Por un instante, sentí como si algo me tirara de la nuca, y di un paso hacia atrás. Toby ladró una sola vez, y luego se volvió y se marchó corriendo en dirección a Russell Square. Me caí de espaldas, pesadamente. El golpe me dolió y me quedé tendido en el suelo unos instantes, sintiéndome imbécil, y luego volví a ponerme en pie. Me acerqué a la iglesia con mucha prudencia y volví a poner la palma de la mano sobre la piedra.

Sentí su tacto áspero y frío, y nada más. Era como si algo hubiera succionado los vestigia de las piedras, igual que había ocurrido antes en la casa de los vampiros. Aparté la mano y retrocedí. La plaza estaba oscura y silenciosa. Me volví y me alejé en la penumbra de la noche, en busca de Toby.

El perro había ido corriendo hasta la Locura. Lo encontré en la cocina, acurrucado en el regazo de Molly. La doncella se ocupaba de consolarlo. Me dirigió una mirada severa.

—Se supone que tiene que hacer frente a los peligros —dije—. Si quiere quedarse aquí, tendrá que trabajar.

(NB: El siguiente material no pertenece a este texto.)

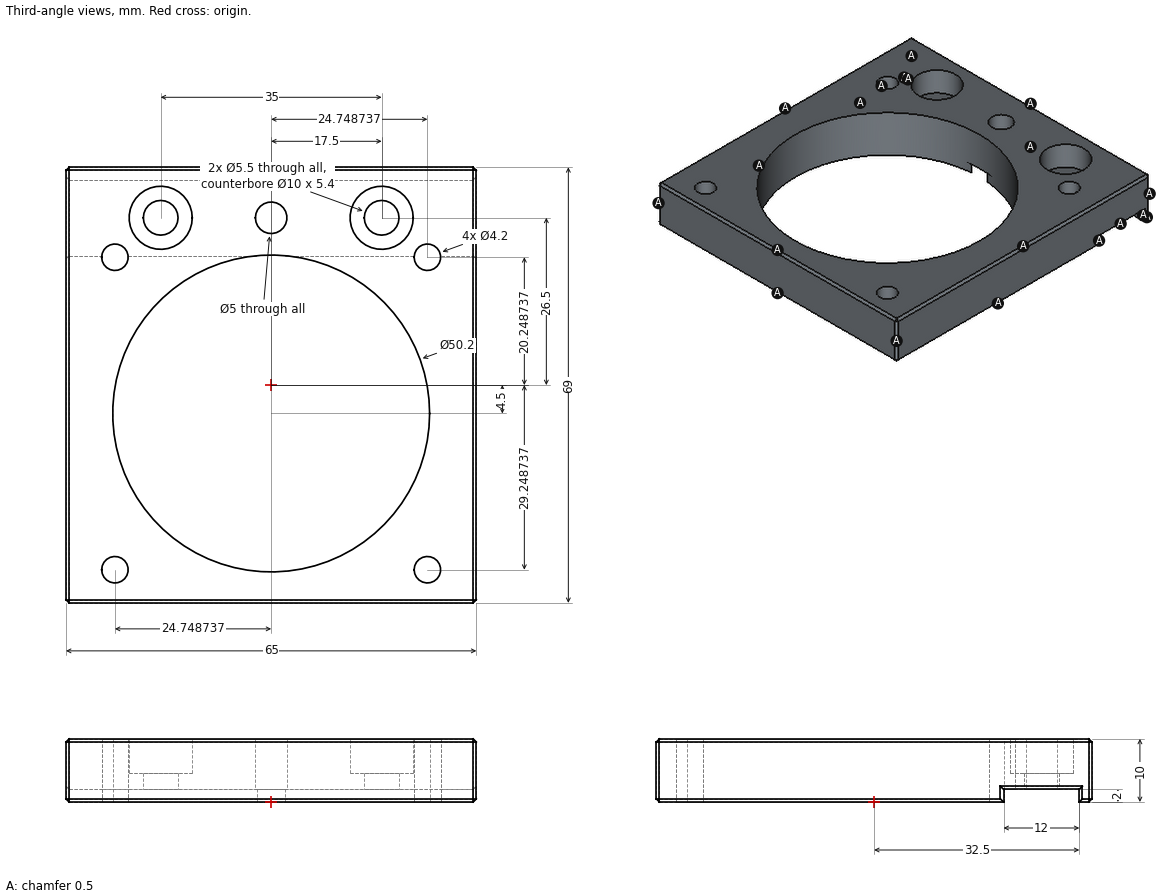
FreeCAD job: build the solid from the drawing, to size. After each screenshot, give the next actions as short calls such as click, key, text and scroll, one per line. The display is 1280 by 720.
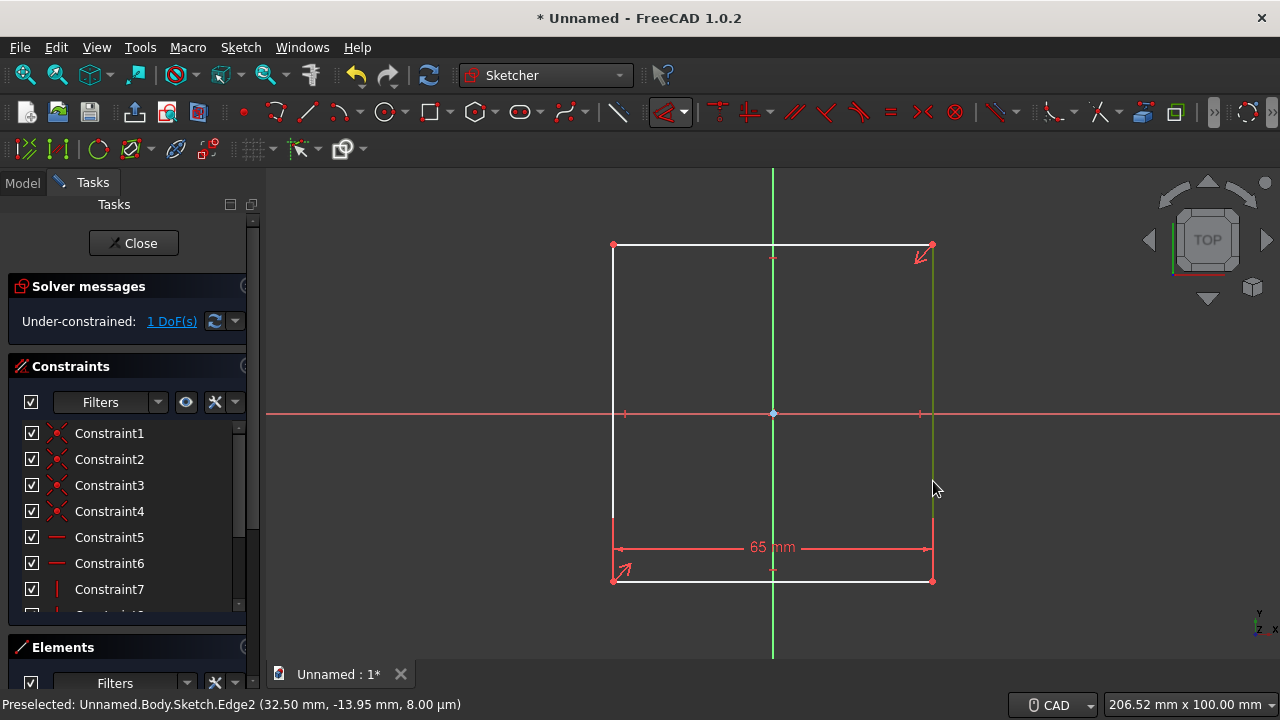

Aunque tuviera un caso del que ocuparme, no abandoné las prácticas. Había persuadido a Nightingale de que me enseñara el hechizo de la bola de fuego. No me sorprendió que dicho hechizo fuese una variación de lux, complementada con iactus para añadirle el movimiento. En cuanto hube convencido a Nightingale de que sabría hacer la primera parte sin quemarme la mano, bajamos a la sala de tiro del sótano para practicar. Hasta entonces no había sabido que tuviéramos una sala de tiro. Había que bajar por las escaleras hasta el sótano y girar a la izquierda en vez de a la derecha, pasar por unas puertas reforzadas que hasta entonces había tomado por la entrada de una carbonera y acceder a una sala de cincuenta metros de longitud con la pared del fondo cubierta de sacos de arena y la opuesta de taquillas de metal. Había allí una hilera de viejos cascos Brodie colgados de la pared sobre unas máscaras de gas en estuches de color caqui. Había un póster con letras sobre un fondo rojo como la sangre donde se leía: «No perdáis los nervios y seguid adelante», y me pareció un buen consejo. También había una serie de siluetas de cartón que hacían las veces de blancos. Aunque estuvieran deterioradas por el paso del tiempo, aún se reconocían las figuras de soldados alemanes con su clásico yelmo de acero y bayonetas fijas. Siguiendo instrucciones de Nightingale, apoyé a varios de ellos contra los sacos de arena y retrocedí a la línea de fuego. Antes de empezar, me cercioré de no llevar encima el móvil nuevo.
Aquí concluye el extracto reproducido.